One reason I feel strongly about death being pronounced so quickly in such a case is that my mother suffered a cardiac arrest. Doctors worked on her over two hours (and she did have some times in which her heart would beat off and on during that time), and eventually put one pacemaker line in that did not work; the second line did. She recovered without neurological effects and received a pacemaker and implantable defibrillator.

It seems that too many CPR decisions, both by paramedics and by hospitals, are more based on triage than on what could help patients (albeit a very small percentage of patients). I once asked a PA student who had worked at a hospital whether doctors would work on a trauma patient in cardiac arrest (which they sometimes do if the patient had signs of life at the scene). He replied it depended on how much time they had. I wonder if this is the same for patients in medical cardiac arrest. Now some of these patients may have had a DNR order that was discovered, so when the newspaper says someone was pronounced dead after a short ride to the hospital the DNR is the real reason. But when I read in the paper about drowning victims who were in the water less than five minutes being pronounced DOA twenty minutes later, this is troublesome. Would not there be a moral obligation, in a life or death situation, to try a bit longer, especially given the existence of some successes in the past? If a fifty-year-old man has his first MI, a witnessed arrest with bystander CPR, is twenty minutes’ effort enough for him? I am sure doctors mean well and are looking at “evidence-based medicine,” and studies that say the success rate of ACLS after 20 minutes is extremely low. Because of such studies, paramedics are calling codes over after 20 minutes of CPR and ACLS in the field. In an unwitnessed arrest, this may be justified. If the arrest is witnessed with no CPR given before the ambulance arrived, it may be justified. I am not so sure if the arrest is witnessed.

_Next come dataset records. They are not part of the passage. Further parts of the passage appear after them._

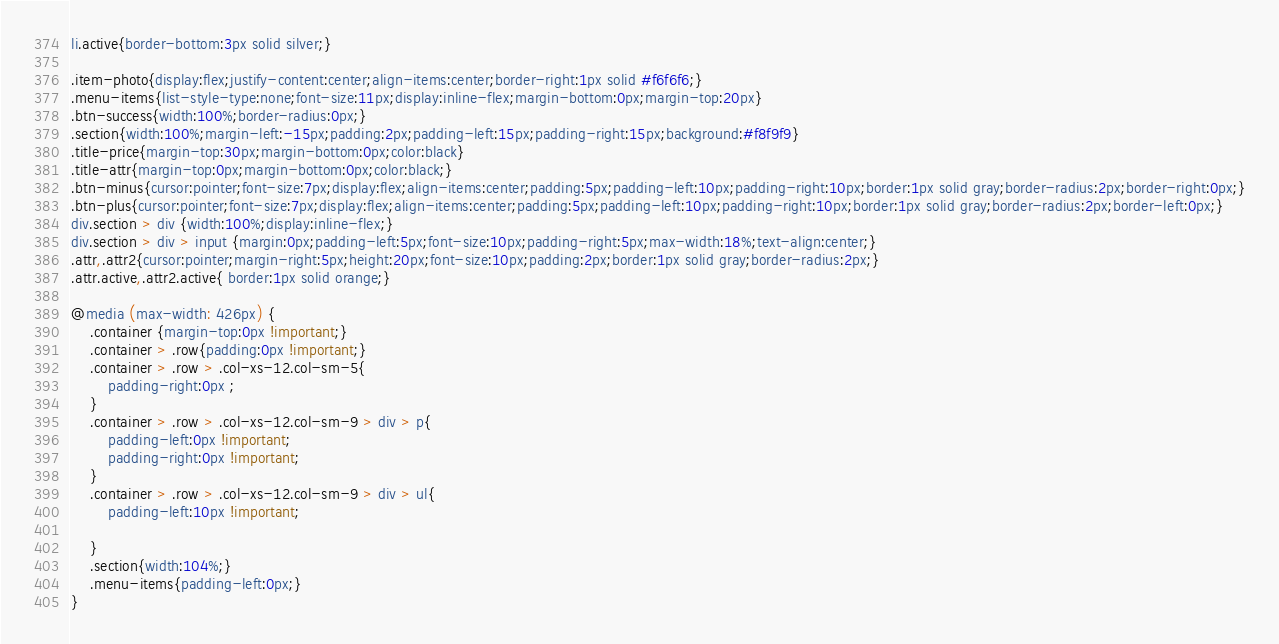<code> <loc_0><loc_0><loc_500><loc_500><_CSS_>li.active{border-bottom:3px solid silver;}

.item-photo{display:flex;justify-content:center;align-items:center;border-right:1px solid #f6f6f6;}
.menu-items{list-style-type:none;font-size:11px;display:inline-flex;margin-bottom:0px;margin-top:20px}
.btn-success{width:100%;border-radius:0px;}
.section{width:100%;margin-left:-15px;padding:2px;padding-left:15px;padding-right:15px;background:#f8f9f9}
.title-price{margin-top:30px;margin-bottom:0px;color:black}
.title-attr{margin-top:0px;margin-bottom:0px;color:black;}
.btn-minus{cursor:pointer;font-size:7px;display:flex;align-items:center;padding:5px;padding-left:10px;padding-right:10px;border:1px solid gray;border-radius:2px;border-right:0px;}
.btn-plus{cursor:pointer;font-size:7px;display:flex;align-items:center;padding:5px;padding-left:10px;padding-right:10px;border:1px solid gray;border-radius:2px;border-left:0px;}
div.section > div {width:100%;display:inline-flex;}
div.section > div > input {margin:0px;padding-left:5px;font-size:10px;padding-right:5px;max-width:18%;text-align:center;}
.attr,.attr2{cursor:pointer;margin-right:5px;height:20px;font-size:10px;padding:2px;border:1px solid gray;border-radius:2px;}
.attr.active,.attr2.active{ border:1px solid orange;}

@media (max-width: 426px) {
    .container {margin-top:0px !important;}
    .container > .row{padding:0px !important;}
    .container > .row > .col-xs-12.col-sm-5{
        padding-right:0px ;
    }
    .container > .row > .col-xs-12.col-sm-9 > div > p{
        padding-left:0px !important;
        padding-right:0px !important;
    }
    .container > .row > .col-xs-12.col-sm-9 > div > ul{
        padding-left:10px !important;

    }
    .section{width:104%;}
    .menu-items{padding-left:0px;}
}

</code> 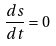<formula> <loc_0><loc_0><loc_500><loc_500>\frac { d s } { d t } = 0</formula> 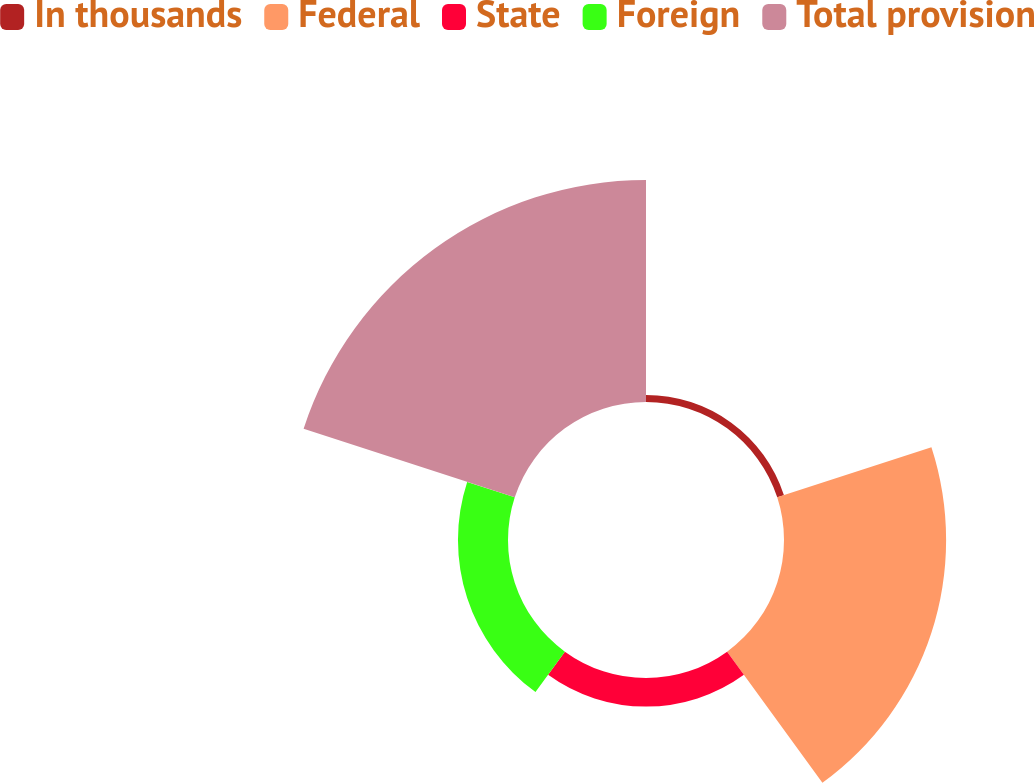<chart> <loc_0><loc_0><loc_500><loc_500><pie_chart><fcel>In thousands<fcel>Federal<fcel>State<fcel>Foreign<fcel>Total provision<nl><fcel>1.5%<fcel>34.51%<fcel>6.08%<fcel>10.65%<fcel>47.26%<nl></chart> 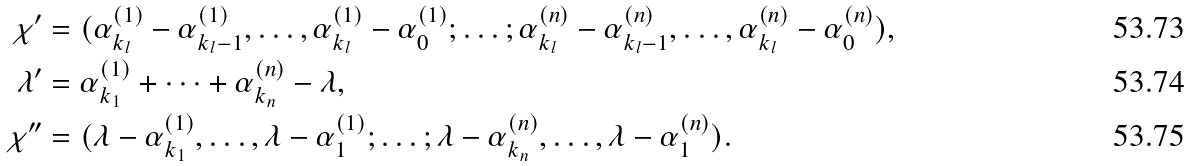<formula> <loc_0><loc_0><loc_500><loc_500>\chi ^ { \prime } & = ( \alpha _ { k _ { l } } ^ { ( 1 ) } - \alpha _ { k _ { l } - 1 } ^ { ( 1 ) } , \dots , \alpha _ { k _ { l } } ^ { ( 1 ) } - \alpha _ { 0 } ^ { ( 1 ) } ; \dots ; \alpha _ { k _ { l } } ^ { ( n ) } - \alpha _ { k _ { l } - 1 } ^ { ( n ) } , \dots , \alpha _ { k _ { l } } ^ { ( n ) } - \alpha _ { 0 } ^ { ( n ) } ) , \\ \lambda ^ { \prime } & = \alpha _ { k _ { 1 } } ^ { ( 1 ) } + \dots + \alpha _ { k _ { n } } ^ { ( n ) } - \lambda , \\ \chi ^ { \prime \prime } & = ( \lambda - \alpha _ { k _ { 1 } } ^ { ( 1 ) } , \dots , \lambda - \alpha _ { 1 } ^ { ( 1 ) } ; \dots ; \lambda - \alpha _ { k _ { n } } ^ { ( n ) } , \dots , \lambda - \alpha _ { 1 } ^ { ( n ) } ) .</formula>

In the case of trauma, I know of at least two instances, one in Tennessee, the other in North Carolina, in which paramedics said that a patient was dead–and the patient was not. I can understand triage at a trauma scene; the chance of CPR and resuscitative thoracotomy (opening the chest and massaging the heart directly, which is done with some trauma victims) have such a low chance of success with trauma victims) is almost nil (although, contra most articles, there have been survivors of blunt traumatic arrest who fully recovered–check out Woodbury, Minnesota). So if the number of paramedics is limited and someone else with a pulse and severe injuries needs to be treated, in those cases it is acceptable to consider the person in cardiac arrest dead. Otherwise, outside of severe head injuries with brain matter, obviously broken necks, obvious severe bodily trauma, and clear signs that too much time has passed, why not try CPR? Sometimes trauma victims swallow their tongues or get debris in their mouths, and they arrest due to asphyxiation. What is wrong with clearing the airway, trying CPR for a few minutes, seeing if there is any rhythm on the monitor. If not, what harm does it do? It doesn’t harm the patient. And a life might be saved.

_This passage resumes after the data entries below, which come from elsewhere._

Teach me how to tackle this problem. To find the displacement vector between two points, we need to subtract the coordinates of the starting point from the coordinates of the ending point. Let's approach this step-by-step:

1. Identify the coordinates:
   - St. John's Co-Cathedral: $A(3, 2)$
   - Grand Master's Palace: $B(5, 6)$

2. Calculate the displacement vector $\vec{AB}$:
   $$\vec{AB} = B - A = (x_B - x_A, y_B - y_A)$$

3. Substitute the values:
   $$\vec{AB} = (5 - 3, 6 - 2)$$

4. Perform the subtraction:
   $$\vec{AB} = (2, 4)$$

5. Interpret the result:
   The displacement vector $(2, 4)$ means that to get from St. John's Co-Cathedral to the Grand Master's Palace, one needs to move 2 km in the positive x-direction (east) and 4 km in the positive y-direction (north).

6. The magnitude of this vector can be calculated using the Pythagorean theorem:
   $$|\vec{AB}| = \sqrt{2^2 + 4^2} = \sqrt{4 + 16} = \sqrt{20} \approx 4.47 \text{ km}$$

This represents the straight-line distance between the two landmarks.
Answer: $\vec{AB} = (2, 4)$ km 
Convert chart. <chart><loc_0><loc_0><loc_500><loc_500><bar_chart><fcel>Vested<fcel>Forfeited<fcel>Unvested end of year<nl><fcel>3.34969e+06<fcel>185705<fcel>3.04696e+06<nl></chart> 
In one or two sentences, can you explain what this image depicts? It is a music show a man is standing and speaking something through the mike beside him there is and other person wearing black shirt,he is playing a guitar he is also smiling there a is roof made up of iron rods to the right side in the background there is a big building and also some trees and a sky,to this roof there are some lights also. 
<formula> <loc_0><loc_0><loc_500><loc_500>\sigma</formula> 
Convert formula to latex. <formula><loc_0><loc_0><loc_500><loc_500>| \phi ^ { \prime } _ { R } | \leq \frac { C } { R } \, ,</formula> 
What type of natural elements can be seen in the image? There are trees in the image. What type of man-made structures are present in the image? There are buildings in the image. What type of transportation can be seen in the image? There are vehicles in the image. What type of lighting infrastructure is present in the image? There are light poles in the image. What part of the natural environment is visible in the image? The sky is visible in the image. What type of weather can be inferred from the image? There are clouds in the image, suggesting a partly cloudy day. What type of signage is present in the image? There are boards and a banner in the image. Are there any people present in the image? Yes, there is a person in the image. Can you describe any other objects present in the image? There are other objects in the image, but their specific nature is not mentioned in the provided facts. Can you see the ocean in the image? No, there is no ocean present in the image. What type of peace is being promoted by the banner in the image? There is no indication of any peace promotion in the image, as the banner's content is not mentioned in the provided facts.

I realize that physicians will say, “You’re not a physician and have no right to say anything about these issues.” No, I am not a physician; I volunteered as an EMT-Basic for eight months, but the knowledge from the training is extremely small compared to a physician’s. But I can read articles in medical journals, I can use a dictionary, and I can interpret the data and cases I read. I do know that there is a difference between someone with a shockable rhythm and someone whose initial rhythm is PEA or asystole, and that death will be pronounced more quickly in the latter situations unless a readily reversible cause of the arrest can be found. But the clincher for me is that my mother would have died if the doctors had given up on her. Thank God for them, and for my brother, who pushed the doctors to continue CPR even after they had considered giving up. It is too bad that other patients do not have such an advocate.